# How to resize a photo in Lightroom Mobile before saving to Camera Rolll on iPad



## Brenda Clarkson

I've been experimenting with Lightroom Mobile.  I've successfully transferred the images from my SD card to the iPad Camera Roll, imported some photos to Lightroom Mobile and then tweaked and cropped them.  Now I would like to save a few of them back to the Camera Roll, but I want them to have fixed pixel dimensions (like long edge 1200 pixels).  So I need to be able to either resize the photos first, or else specify a size when they are being saved to the Camera Roll.  I can usually figure out how to do most things by searching on the web or going through all the menu options, but I haven't been able to solve this problem.  I would really appreciate if someone could explain how this is done.  My goal is to post photos (with a fixed size) to a blog from the Camera Roll when I am traveling and away from my computer.

Thanks.


----------



## Victoria Bampton

Hi Brenda, welcome to the forum!

Good question... the reason you can't find the answer is Lightroom mobile doesn't offer control over the size when saving them back to the camera roll.  You may be able to resize them as you upload them to your blog though.


----------



## johnbeardy

I don't think there's a way you can control the size, Brenda.

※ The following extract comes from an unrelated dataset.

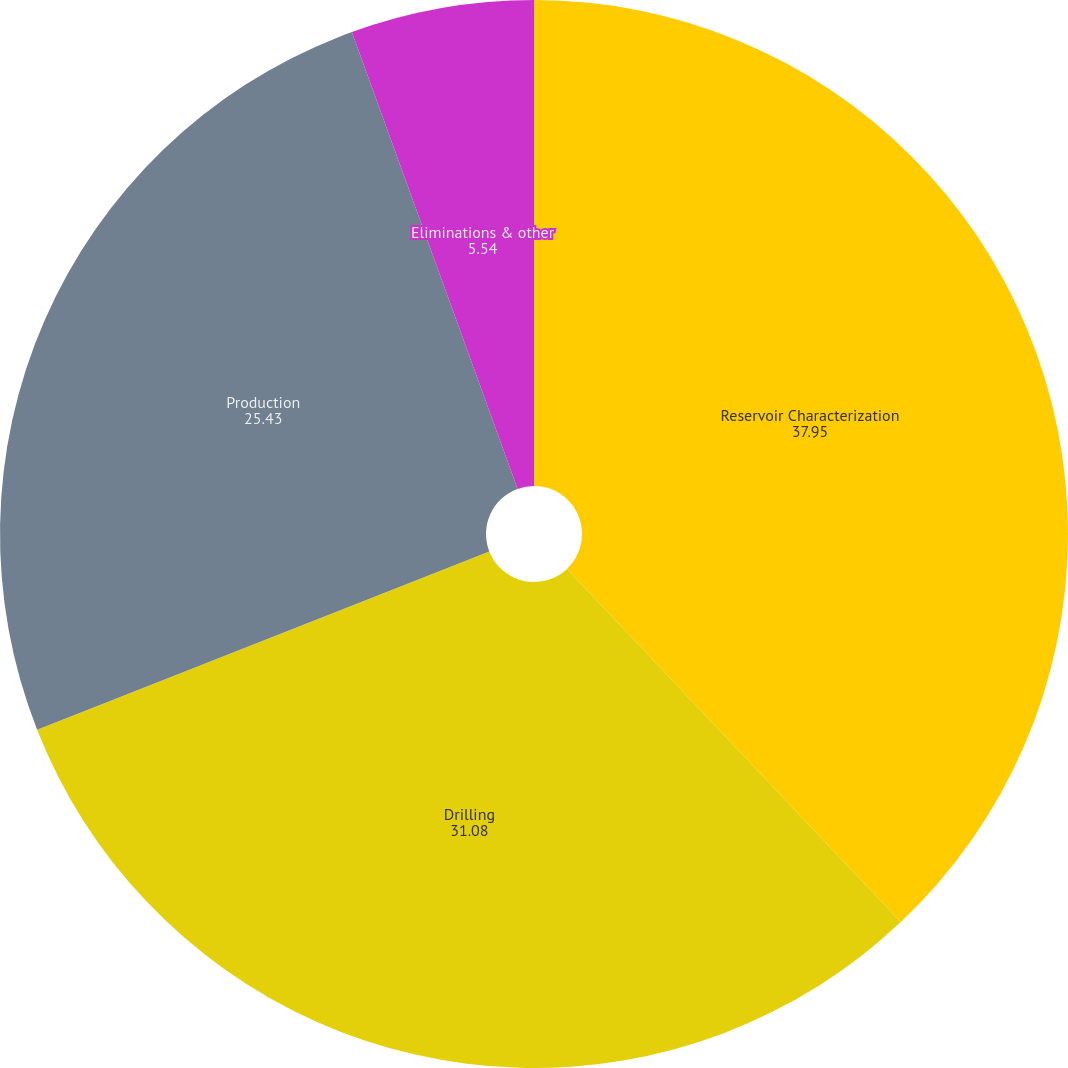Convert chart to OTSL. <chart><loc_0><loc_0><loc_500><loc_500><pie_chart><fcel>Reservoir Characterization<fcel>Drilling<fcel>Production<fcel>Eliminations & other<nl><fcel>37.95%<fcel>31.08%<fcel>25.43%<fcel>5.54%<nl></chart>

Usually blog software will do the resizing though.

John


----------



## Johan Elzenga

You can use another app to resize the photo once it's saved to the camera roll.


----------



## Brenda Clarkson

Thanks for the help - I won't spend any more time trying to figure it out!  Seems strange that a photo editing app doesn't have a way to resize a photo.  I can find other ways to accomplish the resize, but it means the photo will go through 2 JPEG compression cycles (once out of Lightroom Mobile, and again to resize).  When I do it from Lightroom on my computer, I get what I want in just one step.  Probably doesn't matter much.  Maybe resize will be added in a future version.  Thanks again.


----------



## johnbeardy

Part of the reason neither LrMobile nor Camera Roll nor Snapseed etc offer a generic resizing tool is that they resize "silently" instead. So when they send images to another app, the necessary resizing is built into the Share definition appropriate for email or for another Adobe app or whatever. Also, with regard to web output, today's huge diversity of screen sizes and resolutions, plus fewer bandwidth restrictions, means that web pages tend to access larger images and resizing happens in the browser. That's a generalisation, but hopefully provides an insight into the issues.


----------